■ EXERCISE PROMPT:
Output the entries below without any alteration.
-- DATASET RECORDS follows --
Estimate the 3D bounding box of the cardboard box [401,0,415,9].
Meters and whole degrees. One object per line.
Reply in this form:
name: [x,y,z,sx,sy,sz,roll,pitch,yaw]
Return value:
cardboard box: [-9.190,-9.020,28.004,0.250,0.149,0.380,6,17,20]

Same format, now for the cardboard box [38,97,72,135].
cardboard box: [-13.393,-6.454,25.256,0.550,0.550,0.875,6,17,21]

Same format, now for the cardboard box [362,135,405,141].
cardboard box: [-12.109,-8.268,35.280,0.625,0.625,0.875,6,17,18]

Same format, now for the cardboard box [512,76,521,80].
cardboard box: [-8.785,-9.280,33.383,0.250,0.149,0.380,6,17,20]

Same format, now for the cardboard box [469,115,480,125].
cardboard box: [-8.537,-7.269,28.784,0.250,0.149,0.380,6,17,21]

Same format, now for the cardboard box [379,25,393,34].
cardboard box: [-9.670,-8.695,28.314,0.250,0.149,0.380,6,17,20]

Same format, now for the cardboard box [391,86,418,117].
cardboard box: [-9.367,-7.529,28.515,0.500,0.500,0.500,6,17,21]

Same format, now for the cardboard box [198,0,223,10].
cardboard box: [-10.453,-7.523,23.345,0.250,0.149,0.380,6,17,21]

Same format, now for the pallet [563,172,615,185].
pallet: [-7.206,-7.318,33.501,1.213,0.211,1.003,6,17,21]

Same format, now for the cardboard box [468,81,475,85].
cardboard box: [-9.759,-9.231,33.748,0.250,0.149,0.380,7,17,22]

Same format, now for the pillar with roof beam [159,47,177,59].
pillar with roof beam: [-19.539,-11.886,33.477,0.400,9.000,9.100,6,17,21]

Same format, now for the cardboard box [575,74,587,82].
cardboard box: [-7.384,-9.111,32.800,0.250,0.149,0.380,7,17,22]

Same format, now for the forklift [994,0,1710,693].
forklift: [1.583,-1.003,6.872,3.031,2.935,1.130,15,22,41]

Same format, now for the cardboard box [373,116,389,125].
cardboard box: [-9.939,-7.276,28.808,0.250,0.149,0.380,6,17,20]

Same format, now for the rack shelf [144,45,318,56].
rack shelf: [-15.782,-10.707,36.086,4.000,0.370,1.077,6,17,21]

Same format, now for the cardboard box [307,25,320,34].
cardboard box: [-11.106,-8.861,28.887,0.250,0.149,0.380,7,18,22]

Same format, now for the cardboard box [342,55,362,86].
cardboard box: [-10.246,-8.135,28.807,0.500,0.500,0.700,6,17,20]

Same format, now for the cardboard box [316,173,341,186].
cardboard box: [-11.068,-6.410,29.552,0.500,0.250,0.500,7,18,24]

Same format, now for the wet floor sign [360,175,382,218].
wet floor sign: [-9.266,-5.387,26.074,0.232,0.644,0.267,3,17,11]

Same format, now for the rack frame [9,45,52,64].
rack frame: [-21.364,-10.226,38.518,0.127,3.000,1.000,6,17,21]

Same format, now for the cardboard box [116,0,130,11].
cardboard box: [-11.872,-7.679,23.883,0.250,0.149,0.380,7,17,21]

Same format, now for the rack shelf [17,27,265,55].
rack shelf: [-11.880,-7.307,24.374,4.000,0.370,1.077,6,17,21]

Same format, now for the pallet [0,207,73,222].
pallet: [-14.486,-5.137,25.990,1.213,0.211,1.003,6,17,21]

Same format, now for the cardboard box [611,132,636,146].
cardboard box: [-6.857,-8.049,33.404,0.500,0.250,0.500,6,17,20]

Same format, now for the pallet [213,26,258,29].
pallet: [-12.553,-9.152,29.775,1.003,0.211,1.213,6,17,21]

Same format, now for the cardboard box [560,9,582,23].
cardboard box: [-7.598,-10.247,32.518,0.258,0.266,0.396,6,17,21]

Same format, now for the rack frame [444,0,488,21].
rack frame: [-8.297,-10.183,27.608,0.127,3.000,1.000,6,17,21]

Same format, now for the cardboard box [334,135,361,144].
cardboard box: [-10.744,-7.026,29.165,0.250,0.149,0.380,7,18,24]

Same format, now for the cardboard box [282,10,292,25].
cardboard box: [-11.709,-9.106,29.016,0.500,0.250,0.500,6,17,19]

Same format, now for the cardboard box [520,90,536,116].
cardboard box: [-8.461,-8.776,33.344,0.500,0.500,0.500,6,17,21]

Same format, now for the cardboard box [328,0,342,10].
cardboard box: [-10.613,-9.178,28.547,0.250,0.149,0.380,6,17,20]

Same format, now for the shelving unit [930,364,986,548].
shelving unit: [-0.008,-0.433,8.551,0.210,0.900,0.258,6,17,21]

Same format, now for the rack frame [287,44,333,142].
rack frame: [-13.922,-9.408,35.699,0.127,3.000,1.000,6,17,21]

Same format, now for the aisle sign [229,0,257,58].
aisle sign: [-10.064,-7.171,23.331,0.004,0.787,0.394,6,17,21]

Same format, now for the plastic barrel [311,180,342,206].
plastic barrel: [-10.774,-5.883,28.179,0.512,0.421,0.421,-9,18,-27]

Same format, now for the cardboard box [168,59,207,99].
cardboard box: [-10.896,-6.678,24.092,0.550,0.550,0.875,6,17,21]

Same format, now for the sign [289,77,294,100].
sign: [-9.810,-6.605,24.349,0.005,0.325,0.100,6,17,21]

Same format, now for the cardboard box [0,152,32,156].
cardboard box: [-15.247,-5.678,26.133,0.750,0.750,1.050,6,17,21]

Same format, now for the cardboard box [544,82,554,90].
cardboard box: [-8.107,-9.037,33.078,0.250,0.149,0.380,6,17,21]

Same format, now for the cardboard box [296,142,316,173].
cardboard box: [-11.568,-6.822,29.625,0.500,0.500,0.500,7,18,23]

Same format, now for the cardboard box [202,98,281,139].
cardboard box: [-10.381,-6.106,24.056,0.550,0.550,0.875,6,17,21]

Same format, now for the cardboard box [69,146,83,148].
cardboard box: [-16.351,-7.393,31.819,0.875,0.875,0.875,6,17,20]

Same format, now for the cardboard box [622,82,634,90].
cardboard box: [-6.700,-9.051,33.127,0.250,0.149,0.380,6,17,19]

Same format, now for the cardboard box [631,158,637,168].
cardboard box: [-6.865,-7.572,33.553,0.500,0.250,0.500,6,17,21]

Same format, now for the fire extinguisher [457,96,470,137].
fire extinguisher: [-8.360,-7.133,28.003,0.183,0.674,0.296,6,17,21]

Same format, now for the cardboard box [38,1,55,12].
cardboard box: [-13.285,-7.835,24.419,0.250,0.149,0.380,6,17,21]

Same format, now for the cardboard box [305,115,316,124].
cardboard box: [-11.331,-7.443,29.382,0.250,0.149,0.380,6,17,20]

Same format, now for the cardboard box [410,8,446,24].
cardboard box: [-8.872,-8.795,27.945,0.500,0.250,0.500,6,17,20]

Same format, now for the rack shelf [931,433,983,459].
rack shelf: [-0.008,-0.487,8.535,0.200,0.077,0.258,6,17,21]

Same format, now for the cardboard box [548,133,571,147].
-- DATASET RECORDS concluded --
■ EXPECTED ANSWER:
Estimate the 3D bounding box of the cardboard box [401,0,415,9].
Meters and whole degrees. One object per line.
Reply in this form:
name: [x,y,z,sx,sy,sz,roll,pitch,yaw]
Return value:
cardboard box: [-9.190,-9.020,28.004,0.250,0.149,0.380,6,17,20]

Same format, now for the cardboard box [38,97,72,135].
cardboard box: [-13.393,-6.454,25.256,0.550,0.550,0.875,6,17,21]

Same format, now for the cardboard box [362,135,405,141].
cardboard box: [-12.109,-8.268,35.280,0.625,0.625,0.875,6,17,18]

Same format, now for the cardboard box [512,76,521,80].
cardboard box: [-8.785,-9.280,33.383,0.250,0.149,0.380,6,17,20]

Same format, now for the cardboard box [469,115,480,125].
cardboard box: [-8.537,-7.269,28.784,0.250,0.149,0.380,6,17,21]

Same format, now for the cardboard box [379,25,393,34].
cardboard box: [-9.670,-8.695,28.314,0.250,0.149,0.380,6,17,20]

Same format, now for the cardboard box [391,86,418,117].
cardboard box: [-9.367,-7.529,28.515,0.500,0.500,0.500,6,17,21]

Same format, now for the cardboard box [198,0,223,10].
cardboard box: [-10.453,-7.523,23.345,0.250,0.149,0.380,6,17,21]

Same format, now for the pallet [563,172,615,185].
pallet: [-7.206,-7.318,33.501,1.213,0.211,1.003,6,17,21]

Same format, now for the cardboard box [468,81,475,85].
cardboard box: [-9.759,-9.231,33.748,0.250,0.149,0.380,7,17,22]

Same format, now for the pillar with roof beam [159,47,177,59].
pillar with roof beam: [-19.539,-11.886,33.477,0.400,9.000,9.100,6,17,21]

Same format, now for the cardboard box [575,74,587,82].
cardboard box: [-7.384,-9.111,32.800,0.250,0.149,0.380,7,17,22]

Same format, now for the forklift [994,0,1710,693].
forklift: [1.583,-1.003,6.872,3.031,2.935,1.130,15,22,41]

Same format, now for the cardboard box [373,116,389,125].
cardboard box: [-9.939,-7.276,28.808,0.250,0.149,0.380,6,17,20]

Same format, now for the rack shelf [144,45,318,56].
rack shelf: [-15.782,-10.707,36.086,4.000,0.370,1.077,6,17,21]

Same format, now for the cardboard box [307,25,320,34].
cardboard box: [-11.106,-8.861,28.887,0.250,0.149,0.380,7,18,22]

Same format, now for the cardboard box [342,55,362,86].
cardboard box: [-10.246,-8.135,28.807,0.500,0.500,0.700,6,17,20]

Same format, now for the cardboard box [316,173,341,186].
cardboard box: [-11.068,-6.410,29.552,0.500,0.250,0.500,7,18,24]

Same format, now for the wet floor sign [360,175,382,218].
wet floor sign: [-9.266,-5.387,26.074,0.232,0.644,0.267,3,17,11]

Same format, now for the rack frame [9,45,52,64].
rack frame: [-21.364,-10.226,38.518,0.127,3.000,1.000,6,17,21]

Same format, now for the cardboard box [116,0,130,11].
cardboard box: [-11.872,-7.679,23.883,0.250,0.149,0.380,7,17,21]

Same format, now for the rack shelf [17,27,265,55].
rack shelf: [-11.880,-7.307,24.374,4.000,0.370,1.077,6,17,21]

Same format, now for the pallet [0,207,73,222].
pallet: [-14.486,-5.137,25.990,1.213,0.211,1.003,6,17,21]

Same format, now for the cardboard box [611,132,636,146].
cardboard box: [-6.857,-8.049,33.404,0.500,0.250,0.500,6,17,20]

Same format, now for the pallet [213,26,258,29].
pallet: [-12.553,-9.152,29.775,1.003,0.211,1.213,6,17,21]

Same format, now for the cardboard box [560,9,582,23].
cardboard box: [-7.598,-10.247,32.518,0.258,0.266,0.396,6,17,21]

Same format, now for the rack frame [444,0,488,21].
rack frame: [-8.297,-10.183,27.608,0.127,3.000,1.000,6,17,21]

Same format, now for the cardboard box [334,135,361,144].
cardboard box: [-10.744,-7.026,29.165,0.250,0.149,0.380,7,18,24]

Same format, now for the cardboard box [282,10,292,25].
cardboard box: [-11.709,-9.106,29.016,0.500,0.250,0.500,6,17,19]

Same format, now for the cardboard box [520,90,536,116].
cardboard box: [-8.461,-8.776,33.344,0.500,0.500,0.500,6,17,21]

Same format, now for the cardboard box [328,0,342,10].
cardboard box: [-10.613,-9.178,28.547,0.250,0.149,0.380,6,17,20]

Same format, now for the shelving unit [930,364,986,548].
shelving unit: [-0.008,-0.433,8.551,0.210,0.900,0.258,6,17,21]

Same format, now for the rack frame [287,44,333,142].
rack frame: [-13.922,-9.408,35.699,0.127,3.000,1.000,6,17,21]

Same format, now for the aisle sign [229,0,257,58].
aisle sign: [-10.064,-7.171,23.331,0.004,0.787,0.394,6,17,21]

Same format, now for the plastic barrel [311,180,342,206].
plastic barrel: [-10.774,-5.883,28.179,0.512,0.421,0.421,-9,18,-27]

Same format, now for the cardboard box [168,59,207,99].
cardboard box: [-10.896,-6.678,24.092,0.550,0.550,0.875,6,17,21]

Same format, now for the sign [289,77,294,100].
sign: [-9.810,-6.605,24.349,0.005,0.325,0.100,6,17,21]

Same format, now for the cardboard box [0,152,32,156].
cardboard box: [-15.247,-5.678,26.133,0.750,0.750,1.050,6,17,21]

Same format, now for the cardboard box [544,82,554,90].
cardboard box: [-8.107,-9.037,33.078,0.250,0.149,0.380,6,17,21]

Same format, now for the cardboard box [296,142,316,173].
cardboard box: [-11.568,-6.822,29.625,0.500,0.500,0.500,7,18,23]

Same format, now for the cardboard box [202,98,281,139].
cardboard box: [-10.381,-6.106,24.056,0.550,0.550,0.875,6,17,21]

Same format, now for the cardboard box [69,146,83,148].
cardboard box: [-16.351,-7.393,31.819,0.875,0.875,0.875,6,17,20]

Same format, now for the cardboard box [622,82,634,90].
cardboard box: [-6.700,-9.051,33.127,0.250,0.149,0.380,6,17,19]

Same format, now for the cardboard box [631,158,637,168].
cardboard box: [-6.865,-7.572,33.553,0.500,0.250,0.500,6,17,21]

Same format, now for the fire extinguisher [457,96,470,137].
fire extinguisher: [-8.360,-7.133,28.003,0.183,0.674,0.296,6,17,21]

Same format, now for the cardboard box [38,1,55,12].
cardboard box: [-13.285,-7.835,24.419,0.250,0.149,0.380,6,17,21]

Same format, now for the cardboard box [305,115,316,124].
cardboard box: [-11.331,-7.443,29.382,0.250,0.149,0.380,6,17,20]

Same format, now for the cardboard box [410,8,446,24].
cardboard box: [-8.872,-8.795,27.945,0.500,0.250,0.500,6,17,20]

Same format, now for the rack shelf [931,433,983,459].
rack shelf: [-0.008,-0.487,8.535,0.200,0.077,0.258,6,17,21]

Same format, now for the cardboard box [548,133,571,147].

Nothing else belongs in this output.